In [None]:
"""
You can run either this notebook locally (if you have all the dependencies and a GPU) or on Google Colab.

Instructions for setting up Colab are as follows:
1. Open a new Python 3 notebook.
2. Import this notebook from GitHub (File -> Upload Notebook -> "GITHUB" tab -> copy/paste GitHub URL)
3. Connect to an instance with a GPU (Runtime -> Change runtime type -> select "GPU" for hardware accelerator)
4. Run this cell to set up dependencies.
"""
# If you're using Google Colab and not running locally, run this cell

# install NeMo
BRANCH = 'main'
!python -m pip install git+https://github.com/NVIDIA/NeMo.git@$BRANCH#egg=nemo_toolkit[nlp]

In [None]:
import os
import wget
import nemo_text_processing


# Task Description

Text normalization (TN) is a part of the Text-To-Speech (TTS) pre-processing pipeline. It could also be used for pre-processing Automatic Speech Recognition (ASR) training transcripts.

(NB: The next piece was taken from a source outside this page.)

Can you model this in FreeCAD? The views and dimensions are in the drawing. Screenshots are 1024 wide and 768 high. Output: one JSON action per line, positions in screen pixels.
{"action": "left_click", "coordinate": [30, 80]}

TN is the task of converting text in written form to its spoken form to improve TTS. For example, `10:00` should be changed to `ten o'clock` and `10kg` to `ten kilograms`.

# NeMo Text Normalization

NeMo TN is based on Python Regex.

Currently, NeMo TN provides support for English and the following semiotic classes from the [Google Text normalization dataset](https://www.kaggle.com/richardwilliamsproat/text-normalization-for-english-russian-and-polish):
DATE, CARDINAL, MEASURE, DECIMAL, ORDINAL, MONEY, TIME, PLAIN. We additionally added the class `WHITELIST` for all whitelisted tokens whose verbalizations are directly looked up from a user-defined list.

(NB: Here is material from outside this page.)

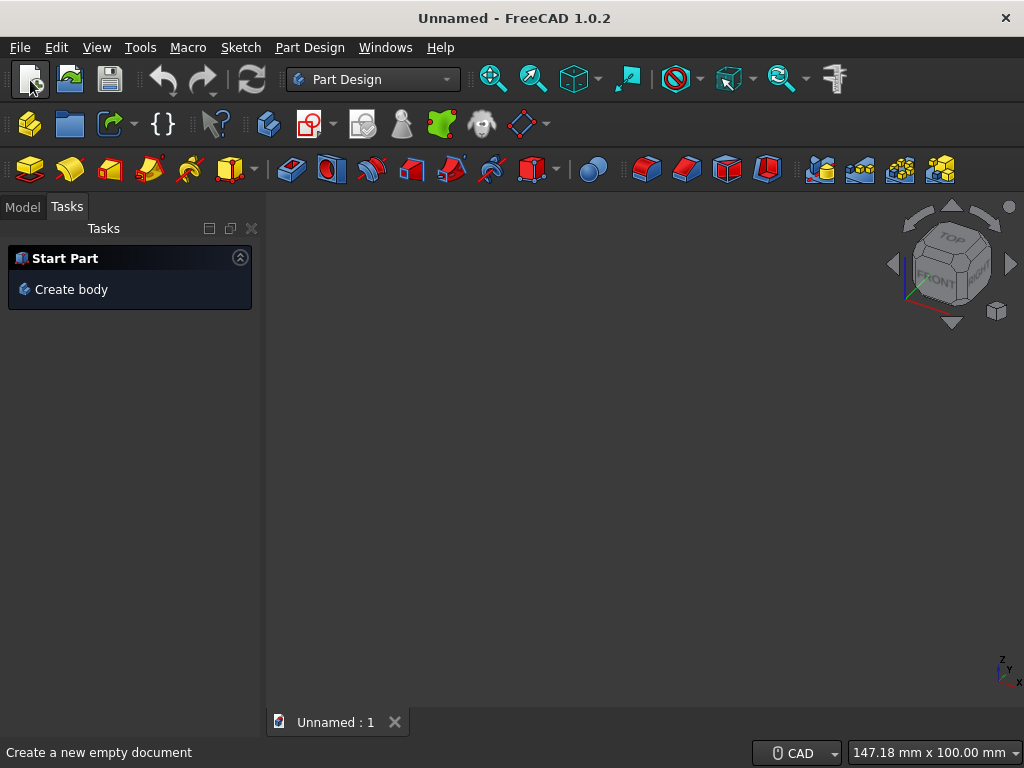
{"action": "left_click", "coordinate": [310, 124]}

The toolkit is modular. The rule-based system is divided into a tagger and a verbalizer following  [Google's Kestrel](https://www.researchgate.net/profile/Richard_Sproat/publication/277932107_The_Kestrel_TTS_text_normalization_system/links/57308b1108aeaae23f5cc8c4/The-Kestrel-TTS-text-normalization-system.pdf) design: the tagger is responsible for detecting and classifying semiotic classes in the underlying text, the verbalizer takes the output of the tagger and carries out the normalization. 
In the example `The alarm goes off at 10:30 a.m.`, the tagger for TIME detects `10:30 a.m.` as a valid time data with `hour=10`, `minutes=30`, `suffix=a.m.`, the verbalizer then turns this into `ten thirty a m`.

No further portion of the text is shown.